Mom runs out to the black car with the four rings and the garage door goes up, up, up with a sound like drrrrrrrrr. Mom drives out too fast and the front bit on the car scratches on the driveway. The garage door goes down like drrrrrrrrr. Zoe sets her things down and doesn’t say hi first either. Her looks tired because her is yawning, and she also has coffee. Kids can’t have coffee because their hearts will beat straight out of their chest, but adult hearts need some fastening.
“I guess I’m going to have to eat pancakes all by myself,” Zoe says out loud, to nobody in particular. I’m thinking about pancakes now. Oh man, I want pancakes.
“I’m not saying hi first,” I yell.
“Oh, hi Dallas!” Zoe says with a smile. Phew—she said it first! Now, pancakes.
“I want pancakes, too,” I say, running from the living room.
“I thought you’d say that!” says Zoe.
Her opens the bag and I can already tell she tricked me. It’s full of little bags of white dusty stuff and some tins and boxes and milk and eggs.
“Liar!” I yell. “Them aren’t pancakes!”
“They will be soon,” she says, laughing. I still don't believe her.
[I see you.]
From what I know about Dallas, he’ll agree to the activities on the schedule until, in reality, has to do them. I’m going to follow through on having him complete the scheduled tasks, but they’re open-ended enough to be combined. So, we were scheduled to eat breakfast at 9 am and do number activities at 9:30 am? Today, we make pancakes—killing two birds with one stone.
“Let’s see…” I feign discovery, waving a recipe above my head. “Oh! Look what I found!”
“Just a stupid paper,” Dallas moans, in a brilliantly six-year-old way.
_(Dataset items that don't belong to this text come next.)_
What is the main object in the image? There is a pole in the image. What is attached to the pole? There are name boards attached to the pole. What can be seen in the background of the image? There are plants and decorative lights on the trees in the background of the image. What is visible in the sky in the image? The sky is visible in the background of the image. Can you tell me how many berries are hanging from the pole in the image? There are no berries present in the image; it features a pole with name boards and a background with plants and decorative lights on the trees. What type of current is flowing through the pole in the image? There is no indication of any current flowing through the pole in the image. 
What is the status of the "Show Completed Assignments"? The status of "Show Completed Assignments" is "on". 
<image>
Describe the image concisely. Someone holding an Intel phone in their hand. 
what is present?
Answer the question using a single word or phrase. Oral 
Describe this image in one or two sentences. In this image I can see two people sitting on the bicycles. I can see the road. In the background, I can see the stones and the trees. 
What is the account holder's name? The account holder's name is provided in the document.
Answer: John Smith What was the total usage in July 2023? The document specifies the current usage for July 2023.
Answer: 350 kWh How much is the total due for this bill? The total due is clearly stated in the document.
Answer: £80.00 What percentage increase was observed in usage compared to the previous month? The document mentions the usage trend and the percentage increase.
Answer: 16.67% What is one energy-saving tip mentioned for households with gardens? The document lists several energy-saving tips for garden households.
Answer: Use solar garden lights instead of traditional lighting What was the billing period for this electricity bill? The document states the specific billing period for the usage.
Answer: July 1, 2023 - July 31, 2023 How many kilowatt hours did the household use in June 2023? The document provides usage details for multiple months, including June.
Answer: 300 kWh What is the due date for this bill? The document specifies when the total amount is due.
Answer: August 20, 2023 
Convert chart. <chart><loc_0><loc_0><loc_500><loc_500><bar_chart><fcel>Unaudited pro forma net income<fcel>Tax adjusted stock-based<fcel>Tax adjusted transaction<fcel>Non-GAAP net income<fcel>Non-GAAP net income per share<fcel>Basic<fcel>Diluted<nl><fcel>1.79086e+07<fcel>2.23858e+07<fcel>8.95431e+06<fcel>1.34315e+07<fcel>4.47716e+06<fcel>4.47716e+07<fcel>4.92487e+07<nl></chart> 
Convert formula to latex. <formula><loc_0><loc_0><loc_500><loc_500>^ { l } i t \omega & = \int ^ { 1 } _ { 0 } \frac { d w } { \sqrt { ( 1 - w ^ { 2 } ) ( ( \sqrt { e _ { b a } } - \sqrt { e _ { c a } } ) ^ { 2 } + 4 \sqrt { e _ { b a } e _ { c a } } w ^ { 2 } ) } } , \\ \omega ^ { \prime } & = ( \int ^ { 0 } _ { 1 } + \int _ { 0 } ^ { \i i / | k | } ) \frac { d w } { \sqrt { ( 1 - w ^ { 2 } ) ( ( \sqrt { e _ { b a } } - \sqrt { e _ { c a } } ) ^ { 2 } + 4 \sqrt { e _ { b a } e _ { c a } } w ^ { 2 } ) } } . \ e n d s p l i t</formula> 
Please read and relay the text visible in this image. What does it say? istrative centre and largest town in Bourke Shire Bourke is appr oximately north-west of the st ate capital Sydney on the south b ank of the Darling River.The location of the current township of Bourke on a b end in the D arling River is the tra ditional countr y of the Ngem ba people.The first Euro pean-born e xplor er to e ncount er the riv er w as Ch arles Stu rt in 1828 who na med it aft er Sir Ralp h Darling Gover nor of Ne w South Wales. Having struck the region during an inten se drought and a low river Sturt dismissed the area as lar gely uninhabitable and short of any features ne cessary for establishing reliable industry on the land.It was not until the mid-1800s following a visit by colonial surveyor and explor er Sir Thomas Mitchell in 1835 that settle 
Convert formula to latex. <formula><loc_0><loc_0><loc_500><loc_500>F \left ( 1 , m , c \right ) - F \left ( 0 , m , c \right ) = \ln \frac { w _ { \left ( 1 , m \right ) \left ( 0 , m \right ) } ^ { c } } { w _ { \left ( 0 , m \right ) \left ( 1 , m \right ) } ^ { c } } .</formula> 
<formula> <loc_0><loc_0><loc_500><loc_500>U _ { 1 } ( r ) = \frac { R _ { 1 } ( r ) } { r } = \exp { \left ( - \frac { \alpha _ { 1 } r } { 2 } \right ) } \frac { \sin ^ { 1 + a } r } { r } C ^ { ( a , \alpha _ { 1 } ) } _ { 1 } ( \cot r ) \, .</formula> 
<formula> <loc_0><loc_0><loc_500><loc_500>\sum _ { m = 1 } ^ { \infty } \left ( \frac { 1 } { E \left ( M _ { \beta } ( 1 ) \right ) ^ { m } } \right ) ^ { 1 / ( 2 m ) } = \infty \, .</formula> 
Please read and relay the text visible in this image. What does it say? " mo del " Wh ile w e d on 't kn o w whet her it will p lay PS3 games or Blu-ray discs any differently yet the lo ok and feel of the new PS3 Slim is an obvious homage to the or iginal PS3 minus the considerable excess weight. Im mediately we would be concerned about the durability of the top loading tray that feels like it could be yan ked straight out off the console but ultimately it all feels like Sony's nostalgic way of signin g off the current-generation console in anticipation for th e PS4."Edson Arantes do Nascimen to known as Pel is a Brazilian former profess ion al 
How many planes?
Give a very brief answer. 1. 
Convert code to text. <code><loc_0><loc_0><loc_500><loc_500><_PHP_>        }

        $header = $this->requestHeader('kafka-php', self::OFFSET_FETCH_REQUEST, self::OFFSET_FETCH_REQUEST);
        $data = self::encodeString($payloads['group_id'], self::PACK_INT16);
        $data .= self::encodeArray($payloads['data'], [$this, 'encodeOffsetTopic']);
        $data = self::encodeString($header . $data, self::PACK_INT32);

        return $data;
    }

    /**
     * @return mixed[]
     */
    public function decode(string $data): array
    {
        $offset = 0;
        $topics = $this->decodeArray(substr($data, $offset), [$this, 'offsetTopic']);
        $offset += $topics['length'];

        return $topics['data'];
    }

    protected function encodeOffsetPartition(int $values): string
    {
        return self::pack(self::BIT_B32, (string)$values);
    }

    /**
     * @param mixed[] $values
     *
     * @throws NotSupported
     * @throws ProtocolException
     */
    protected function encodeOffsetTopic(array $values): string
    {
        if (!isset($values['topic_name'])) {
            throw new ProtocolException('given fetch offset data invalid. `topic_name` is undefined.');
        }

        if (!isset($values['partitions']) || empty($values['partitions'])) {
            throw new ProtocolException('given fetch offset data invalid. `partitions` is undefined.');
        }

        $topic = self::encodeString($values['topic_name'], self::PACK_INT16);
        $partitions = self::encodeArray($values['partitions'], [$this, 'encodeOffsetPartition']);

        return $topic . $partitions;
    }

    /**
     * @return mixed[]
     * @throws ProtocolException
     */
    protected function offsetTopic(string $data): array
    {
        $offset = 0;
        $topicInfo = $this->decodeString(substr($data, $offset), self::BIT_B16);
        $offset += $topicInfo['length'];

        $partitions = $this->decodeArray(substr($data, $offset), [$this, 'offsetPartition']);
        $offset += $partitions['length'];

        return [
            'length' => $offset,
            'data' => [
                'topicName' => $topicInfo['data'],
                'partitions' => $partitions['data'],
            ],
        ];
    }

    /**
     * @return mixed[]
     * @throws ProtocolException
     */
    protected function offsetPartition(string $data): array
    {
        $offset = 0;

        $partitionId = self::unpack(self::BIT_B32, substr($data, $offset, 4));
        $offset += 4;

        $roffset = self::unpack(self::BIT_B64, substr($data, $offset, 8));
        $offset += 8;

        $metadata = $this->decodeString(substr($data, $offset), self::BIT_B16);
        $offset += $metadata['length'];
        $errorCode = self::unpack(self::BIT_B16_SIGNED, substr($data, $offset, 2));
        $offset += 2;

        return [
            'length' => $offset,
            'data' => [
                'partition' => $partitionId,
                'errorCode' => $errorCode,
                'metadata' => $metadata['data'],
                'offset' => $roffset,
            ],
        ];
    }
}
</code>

“This stupid paper is going to tell us how to transform this bag of ingredients into some delicious pancakes. We just need to follow the instructions,” I exclaim, knowing full-well that following directions isn’t one of his strong points. “First, we need a measuring cup.”
“What means measuring cup?” Dallas questions.
I open a few drawers and cupboards. Jeez, looks like friggin’ Halloween in here. Cobwebby as the dickens. I’m pretty sure nobody has cooked a meal in this house since Jesus was a baby. Luckily, at the back of the drawer, there’s a pile of unused measuring cups with tags still attached. Also, I know that fractions are typically on second-grade curricula and Dallas is pre-K at best. Today we’re focusing more on counting than fractions. Other goals include, but are not limited to: expanding his culinary repertoire past chicken nuggets.
“
These are measuring cups,” I reply, shaking the cups on their plastic key-ring. “Measuring is when you do an exact amount of something.”
“I thought pancakes got maked by water in a shaking thing? We only made them one time at my house, but one time I got them at the cafe, but we can’t go to the cafe if I am being bad,” Dallas admits.
“Well, today, we’re making pancakes from scratch.”
“What means scratch?”
Jeez, this kid is cute sometimes. I giggle, “Scratch just means it’s made from real ingredients .”
“Why don’t you just say that?”
“Scratch sounds better.”
Dallas scratches his arm, then laughs. “Yeah!”
[I see red.]
Zoe has paper that looks like this:
Her will turn the list into pancakes, and I’ll help her. She got these cups from a cupboard I never knowed about, and we are measuring amounts of white things to a big bowl.
“One and a half cups of all purpose flour,” she reads, then holds up a paper bag with words on it. “This says ‘flour.’ F-L-O-U-R. F says ffff—remember?”
“Oh yeah!” I say, practicing biting my lip. “Not my tongue out like thhhh. Them are different sounds.”
“Those are different sounds, yeah! I can see you’re learning a whole lot lately,” she says. “One and a half cups—that means this one, and this smaller one. Let’s fill this one first.”